New cell-based system can screen drug candidates for cardiac toxicity
A new stem cell-derived system for screening experimental drugs for cardiotoxicity could identify dangerous side effects early in the development process.
A new stem cell-derived system for screening experimental drugs for cardiotoxicity could identify dangerous side effects early in the development process, thereby potentially saving time, lives and money, according to Evan F. Cromwell, PhD, of Molecular Devices, LLC, Sunnyvale, CA, in a presentation at the American Society for Cell Biology's Annual Meeting, Dec 17 in San Francisco.
Vioxx is probably the most notorious example of a blockbuster drug removed from the market after FDA approval because of adverse cardiac side effects, Dr. Cromwell explained, but it was not the only drug to fail because of unexpected negative effects on the heart.
Cardiotoxicity remains one of the primary reasons new drugs wash out in preclinical or even full clinical trials, he said. There is often a huge cost for these failures, both to the pharmaceutical companies whose long-term investments can be wiped out in a single study and to consumers who face the risk of unintended harm.

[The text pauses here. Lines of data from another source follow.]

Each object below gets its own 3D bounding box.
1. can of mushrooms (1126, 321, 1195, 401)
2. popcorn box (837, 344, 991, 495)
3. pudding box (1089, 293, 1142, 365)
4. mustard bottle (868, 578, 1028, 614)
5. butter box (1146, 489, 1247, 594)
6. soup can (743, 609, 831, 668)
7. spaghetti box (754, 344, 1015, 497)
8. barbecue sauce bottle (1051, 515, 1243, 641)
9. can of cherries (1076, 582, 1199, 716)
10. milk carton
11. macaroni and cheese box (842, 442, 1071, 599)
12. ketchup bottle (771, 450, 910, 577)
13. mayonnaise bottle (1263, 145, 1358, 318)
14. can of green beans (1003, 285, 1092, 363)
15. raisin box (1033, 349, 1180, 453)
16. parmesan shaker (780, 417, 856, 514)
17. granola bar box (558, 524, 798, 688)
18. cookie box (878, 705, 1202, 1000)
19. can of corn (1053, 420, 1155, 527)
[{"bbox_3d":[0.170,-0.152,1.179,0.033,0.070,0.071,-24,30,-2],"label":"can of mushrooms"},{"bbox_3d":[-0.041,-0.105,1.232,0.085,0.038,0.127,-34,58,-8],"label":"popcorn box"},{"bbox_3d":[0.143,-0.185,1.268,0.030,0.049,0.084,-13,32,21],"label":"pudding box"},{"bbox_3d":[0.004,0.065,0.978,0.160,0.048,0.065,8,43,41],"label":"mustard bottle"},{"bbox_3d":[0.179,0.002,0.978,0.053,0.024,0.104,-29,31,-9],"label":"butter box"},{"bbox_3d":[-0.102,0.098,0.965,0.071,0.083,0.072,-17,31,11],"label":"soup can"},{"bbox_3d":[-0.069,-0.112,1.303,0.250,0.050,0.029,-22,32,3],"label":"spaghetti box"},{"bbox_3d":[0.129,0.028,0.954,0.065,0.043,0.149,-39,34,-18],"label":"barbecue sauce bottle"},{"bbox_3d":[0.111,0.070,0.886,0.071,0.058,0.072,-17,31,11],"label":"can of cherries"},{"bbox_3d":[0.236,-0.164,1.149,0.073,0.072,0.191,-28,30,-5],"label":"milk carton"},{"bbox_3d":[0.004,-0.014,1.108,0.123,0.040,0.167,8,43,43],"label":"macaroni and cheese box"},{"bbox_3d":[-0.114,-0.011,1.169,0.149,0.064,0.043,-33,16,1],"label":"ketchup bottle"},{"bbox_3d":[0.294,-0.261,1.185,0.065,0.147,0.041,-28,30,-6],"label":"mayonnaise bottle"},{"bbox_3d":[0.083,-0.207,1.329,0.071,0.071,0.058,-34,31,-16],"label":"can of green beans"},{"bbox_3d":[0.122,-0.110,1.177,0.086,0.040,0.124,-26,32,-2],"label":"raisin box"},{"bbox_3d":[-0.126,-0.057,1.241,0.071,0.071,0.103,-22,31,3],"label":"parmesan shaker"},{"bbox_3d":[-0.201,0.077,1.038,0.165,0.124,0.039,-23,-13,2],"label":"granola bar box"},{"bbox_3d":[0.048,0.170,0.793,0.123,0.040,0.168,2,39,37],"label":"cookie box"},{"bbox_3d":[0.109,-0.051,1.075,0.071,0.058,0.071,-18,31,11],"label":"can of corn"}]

Currently cardiotoxicity is detected using electrophysiology-based assays for interactions of compounds with potassium ion channels. However, available assays are not effective at assessing potential adverse interactions with other biochemical or contractile processes.
The need for better cardiotoxicity assays more predictive of myocardial performance led Dr. Cromwell, Oksana Sirenko, PhD, and colleagues at the California biotech, Molecular Devices, to develop an in vitro system that employs stem cell-derived cardiomyocytes to screen for potential adverse cardiac effects.
Stem cell-derived cardiomyocytes are especially suitable for an in vitro system, Dr. Cromwell explains, because they express ion channels vital for the cardiomyocytes' function and demonstrate spontaneous mechanical and electrical activity similar to that of native cardiac cells. When these cultured cardiomyocytes form a confluent layer and reach sufficient maturity, they begin to contract spontaneously. The team then employs a fast kinetic fluorescence imaging method to monitor fluctuations in intracellular calcium ion (Ca2+) levels during contractions. This provides a direct assessment of Ca2+ handling with surrogate assessments of electrophysiological activity in the muscle cell membrane and beat rate.
Phenotypic deviations from normal contractions that can be measured in the improved assay include beat rate, peak width and pattern irregularities. This multiparametric characterization of a compound's perturbation of cardiomyocyte contractions can also yield insights into mechanisms of action (MOA).
Dr. Cromwell reports, "We have characterized numerous pharmacological compounds and detected concentration-dependent modulation of beating rate and atypical patterns consistent with their MOA." This assay shows great promise to exclude preclinical candidates that have cardiotoxicity or other cardio safety issues, according to Dr. Cromwell.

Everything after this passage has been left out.